The worst of these people are intellectually dishonest. They use logic as rhetoric, as apologetics, as sophistry. Some of them are quite clever at this game. However, not all of them seem intellectually dishonest. Some will accept scientific research when it accords with their own worldview. For example, Stefan Molyneux uses the psychological research on trauma and I agree with his understanding of this issue, but he uses it to defend a particular ideology which isn’t based on any real world examples.
This attitude of mistrust towards institutions beyond the individual is coupled with a self-certainty held within the individual or within the group that the individual belongs to.

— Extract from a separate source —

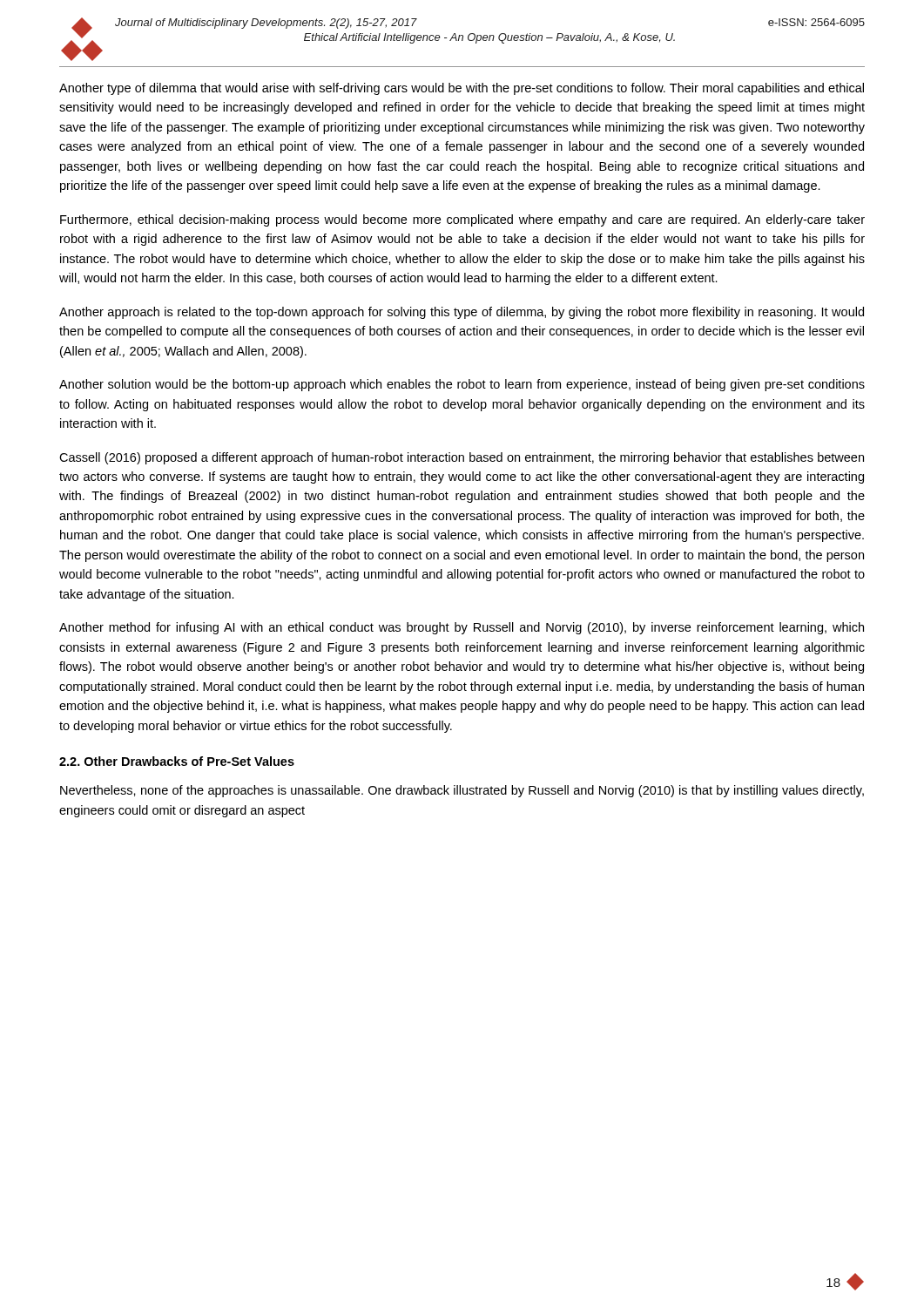Find the text block starting "Another type of dilemma that would"
Screen dimensions: 1307x924
(462, 137)
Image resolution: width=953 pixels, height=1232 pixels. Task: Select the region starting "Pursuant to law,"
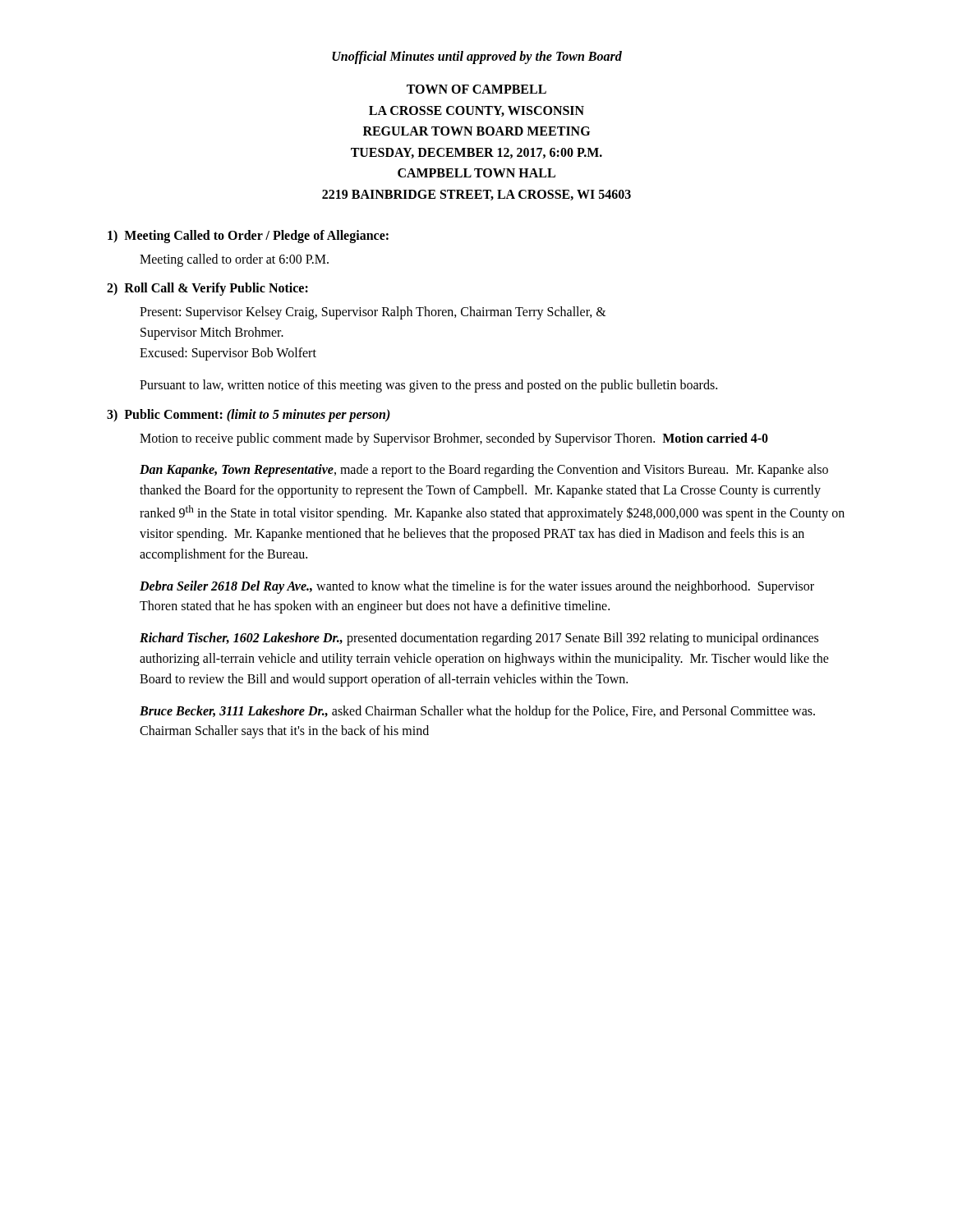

The liberal attitude is different, but I’m not sure how to pinpoint this difference. Liberals can be extremely questioning of the same things conservatives question. So, why does liberal questioning begin and end in a sense of openness? Most liberal who are scientists or interested in science would openly state that science is imperfect. Still, there is a basic trust in the scientific process like there is a basic trust in the political process. I’ve pointed out in another blog how this plays out on the political level (the beginning of the blog post is posted below):
The other day, I came across data that showed a difference between Republicans and Democrats (Republicans Support Big Government… just as long as Republicans are in power). Republicans support big government when there is a Republican president, but they fight, fear-monger, criticize and obstruct what they label as big government when a Democrat is president. Democrats, however, show more even support for big government no matter which party is in power. For example, almost the same number of Democrats support Obama as supported Reagan. This explains the point (which I think Cenk Uygur made) that bipartisanship is usually Democrats agreeing with Republicans but rarely the other way around.
There is a fundamental difference in worldview. This probably relates as well to my argument that liberals are less dogmatic in their ideology (Liberal Pragmatism, Conservative Dogmatism). Conservatives seem more likely to see themselves as principled and so more willing to stand by their principles no matter what. It’s not that liberals aren’t principled, but a major liberal value is trying to understand the views of others and working towards a middle ground of agreement or at least acceptance. Liberals aren’t against big business in the same way or to the same degree as conservatives are against big government. Instead, liberals think capitalism and democracy need to work together without either being subsumed to the other.
Obviously, there is a very fundamental difference in the conservative and liberal worldviews. Anarcho-capitalists, objectivists & (righwing) libertarians often criticize Republicans and mainstream conservatives, but nonetheless they are clearly conservatives themselves… even if they don’t like to label themselves as conservatives. Ignoring all the differences of ideology, what specifically makes a conservative a conservative and a liberal a liberal? Is it just a difference of psychological traits?